» **What the task requires**: Scan the entries below and state how many lines contain "phenomena". No other output.
Data in this exercise Block Start
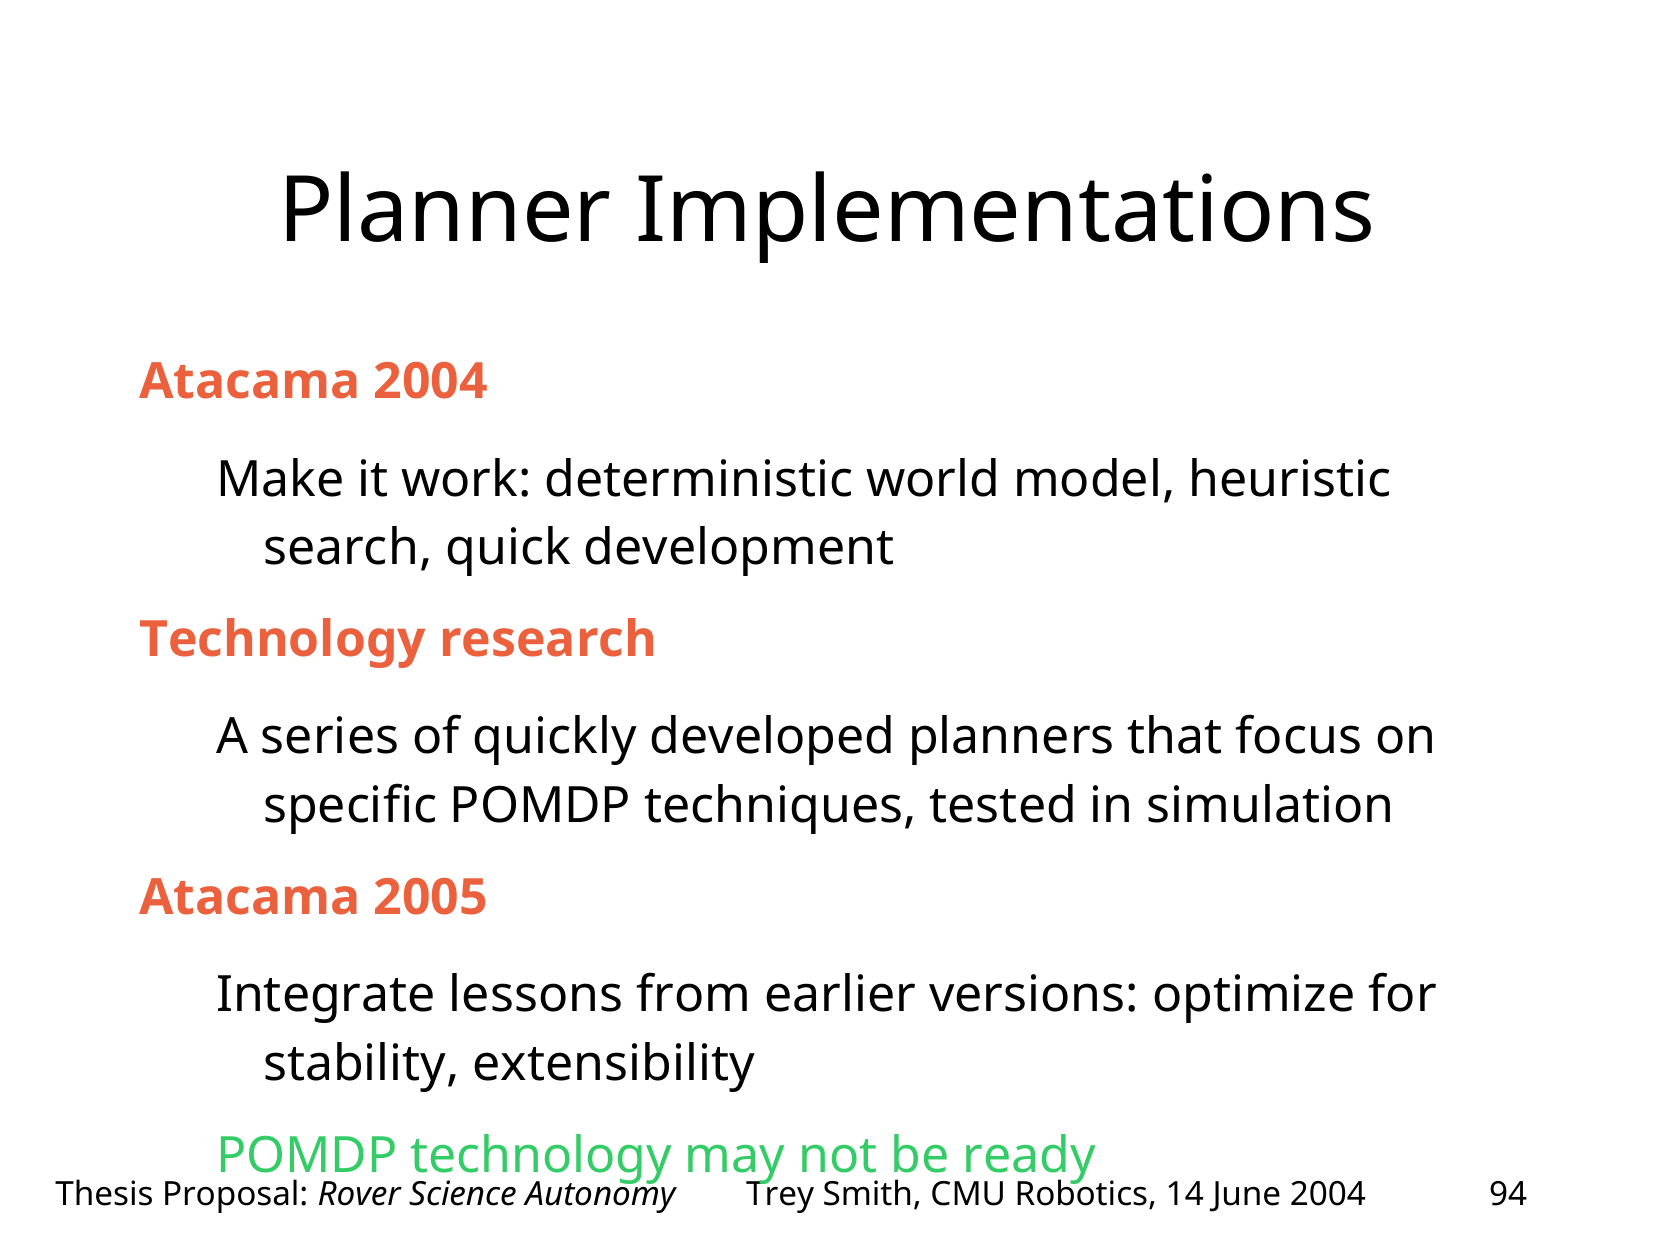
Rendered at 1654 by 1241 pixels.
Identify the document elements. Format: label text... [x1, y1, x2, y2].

list Atacama 2004 Make it work: deterministic world model, heuristic search, quick development Technology research A series of quickly developed planners that focus on specific POMDP techniques, tested in simulation Atacama 2005 Integrate lessons from earlier versions: optimize for stability, extensibility POMDP technology may not be ready [121, 344, 1534, 1127]
title Planner Implementations [121, 102, 1534, 311]
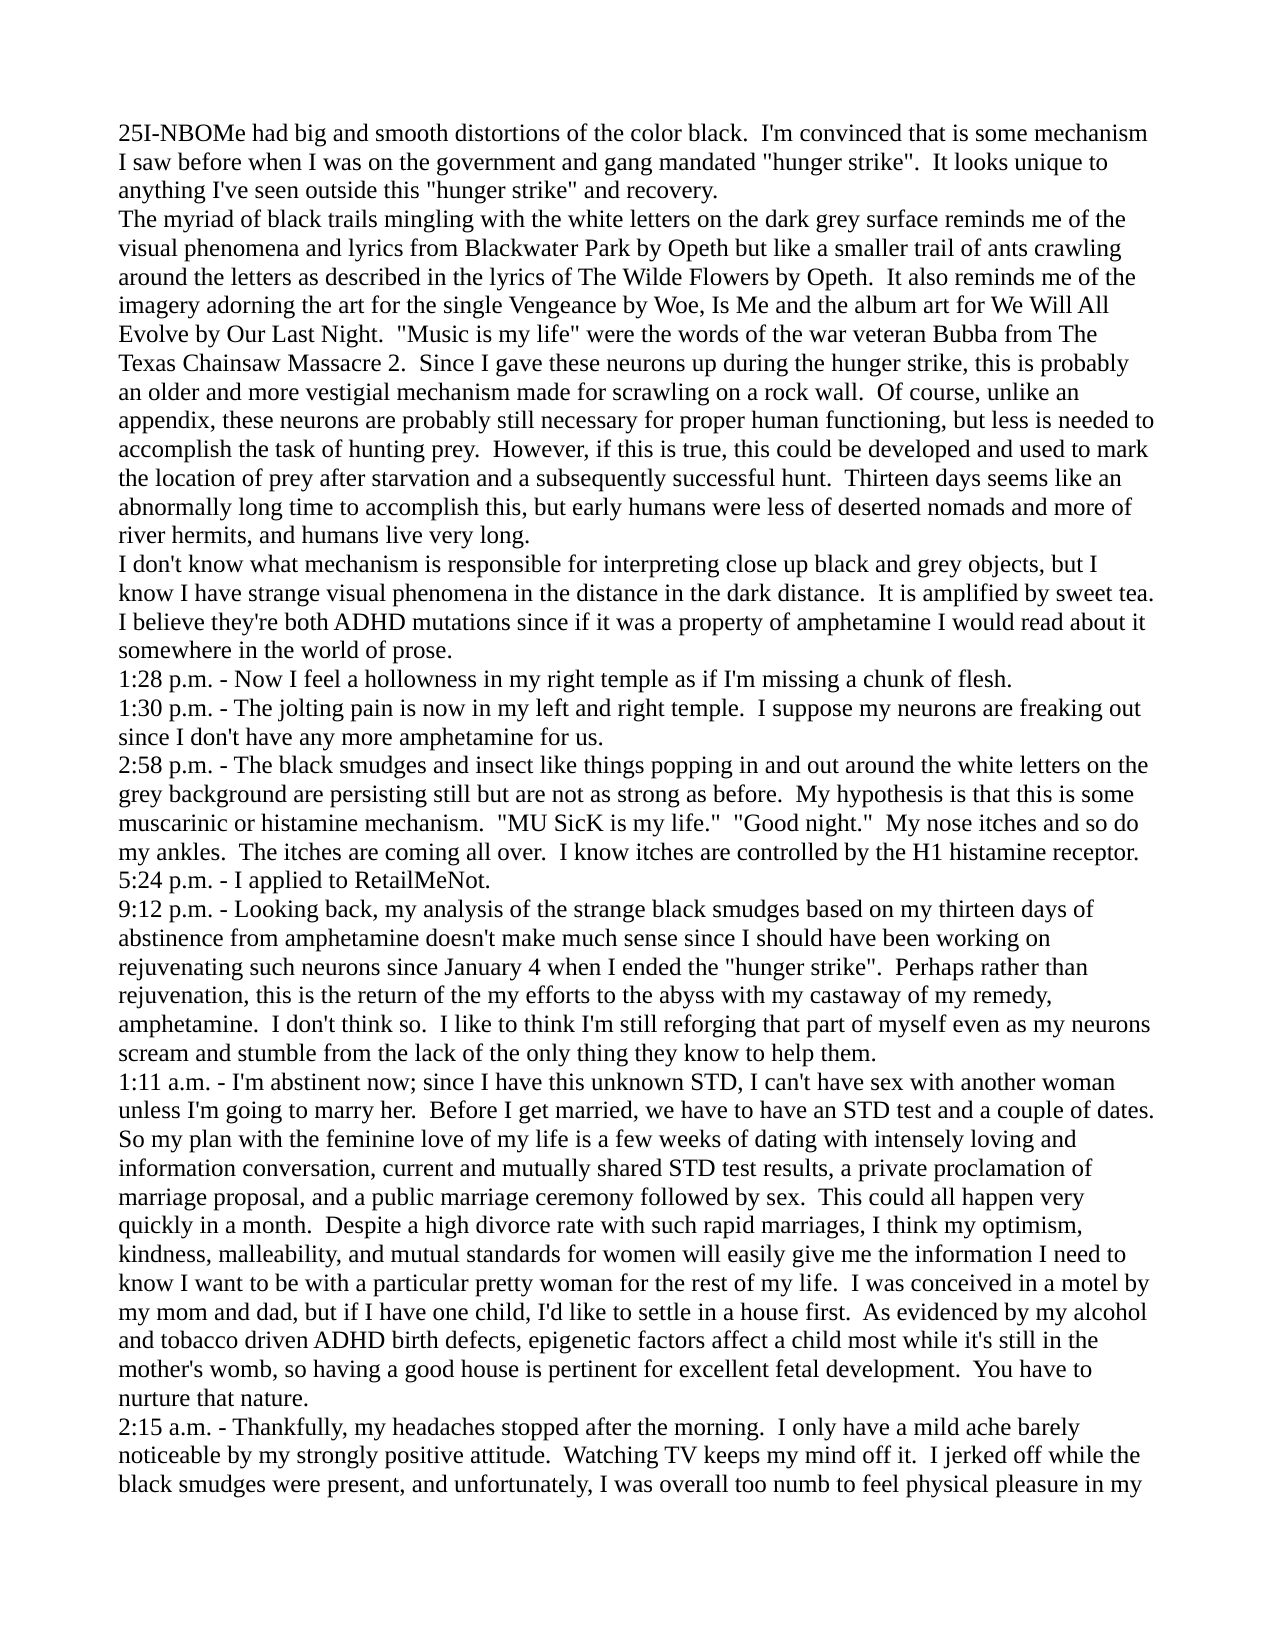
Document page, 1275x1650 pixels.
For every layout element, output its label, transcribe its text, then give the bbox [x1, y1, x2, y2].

text 1:11 a.m. - I'm abstinent now; since I have this unknown STD, I can't have sex with another woman unless I'm going to marry her. Before I get married, we have to have an STD test and a couple of dates. So my plan with the feminine love of my life is a few weeks of dating with intensely loving and information conversation, current and mutually shared STD test results, a private proclamation of marriage proposal, and a public marriage ceremony followed by sex. This could all happen very quickly in a month. Despite a high divorce rate with such rapid marriages, I think my optimism, kindness, malleability, and mutual standards for women will easily give me the information I need to know I want to be with a particular pretty woman for the rest of my life. I was conceived in a motel by my mom and dad, but if I have one child, I'd like to settle in a house first. As evidenced by my alcohol and tobacco driven ADHD birth defects, epigenetic factors affect a child most while it's still in the mother's womb, so having a good house is pertinent for excellent fetal development. You have to nurture that nature. [118, 1067, 1157, 1412]
text 25I-NBOMe had big and smooth distortions of the color black. I'm convinced that is some mechanism I saw before when I was on the government and gang mandated "hunger strike". It looks unique to anything I've seen outside this "hunger strike" and recovery. [118, 118, 1157, 204]
text 2:15 a.m. - Thankfully, my headaches stopped after the morning. I only have a mild ache barely noticeable by my strongly positive attitude. Watching TV keeps my mind off it. I jerked off while the black smudges were present, and unfortunately, I was overall too numb to feel physical pleasure in my [118, 1412, 1157, 1498]
text The myriad of black trails mingling with the white letters on the dark grey surface reminds me of the visual phenomena and lyrics from Blackwater Park by Opeth but like a smaller trail of ants crawling around the letters as described in the lyrics of The Wilde Flowers by Opeth. It also reminds me of the imagery adorning the art for the single Vengeance by Woe, Is Me and the album art for We Will All Evolve by Our Last Night. "Music is my life" were the words of the war veteran Bubba from The Texas Chainsaw Massacre 2. Since I gave these neurons up during the hunger strike, this is probably an older and more vestigial mechanism made for scrawling on a rock wall. Of course, unlike an appendix, these neurons are probably still necessary for proper human functioning, but less is needed to accomplish the task of hunting prey. However, if this is true, this could be developed and used to mark the location of prey after starvation and a subsequently successful hunt. Thirteen days seems like an abnormally long time to accomplish this, but early humans were less of deserted nomads and more of river hermits, and humans live very long. [118, 204, 1157, 549]
text 2:58 p.m. - The black smudges and insect like things popping in and out around the white letters on the grey background are persisting still but are not as strong as before. My hypothesis is that this is some muscarinic or histamine mechanism. "MU SicK is my life." "Good night." My nose itches and so do my ankles. The itches are coming all over. I know itches are controlled by the H1 histamine receptor. [118, 751, 1157, 866]
text 1:30 p.m. - The jolting pain is now in my left and right temple. I suppose my neurons are freaking out since I don't have any more amphetamine for us. [118, 693, 1157, 751]
text I don't know what mechanism is responsible for interpreting close up black and grey objects, but I know I have strange visual phenomena in the distance in the dark distance. It is amplified by sweet tea. I believe they're both ADHD mutations since if it was a property of amphetamine I would read about it somewhere in the world of prose. [118, 549, 1157, 664]
text 5:24 p.m. - I applied to RetailMeNot. [118, 866, 1157, 894]
text 9:12 p.m. - Looking back, my analysis of the strange black smudges based on my thirteen days of abstinence from amphetamine doesn't make much sense since I should have been working on rejuvenating such neurons since January 4 when I ended the "hunger strike". Perhaps rather than rejuvenation, this is the return of the my efforts to the abyss with my castaway of my remedy, amphetamine. I don't think so. I like to think I'm still reforging that part of myself even as my neurons scream and stumble from the lack of the only thing they know to help them. [118, 894, 1157, 1067]
text 1:28 p.m. - Now I feel a hollowness in my right temple as if I'm missing a chunk of flesh. [118, 664, 1157, 693]
Data in this exercise Block End
» **Task solution**: 2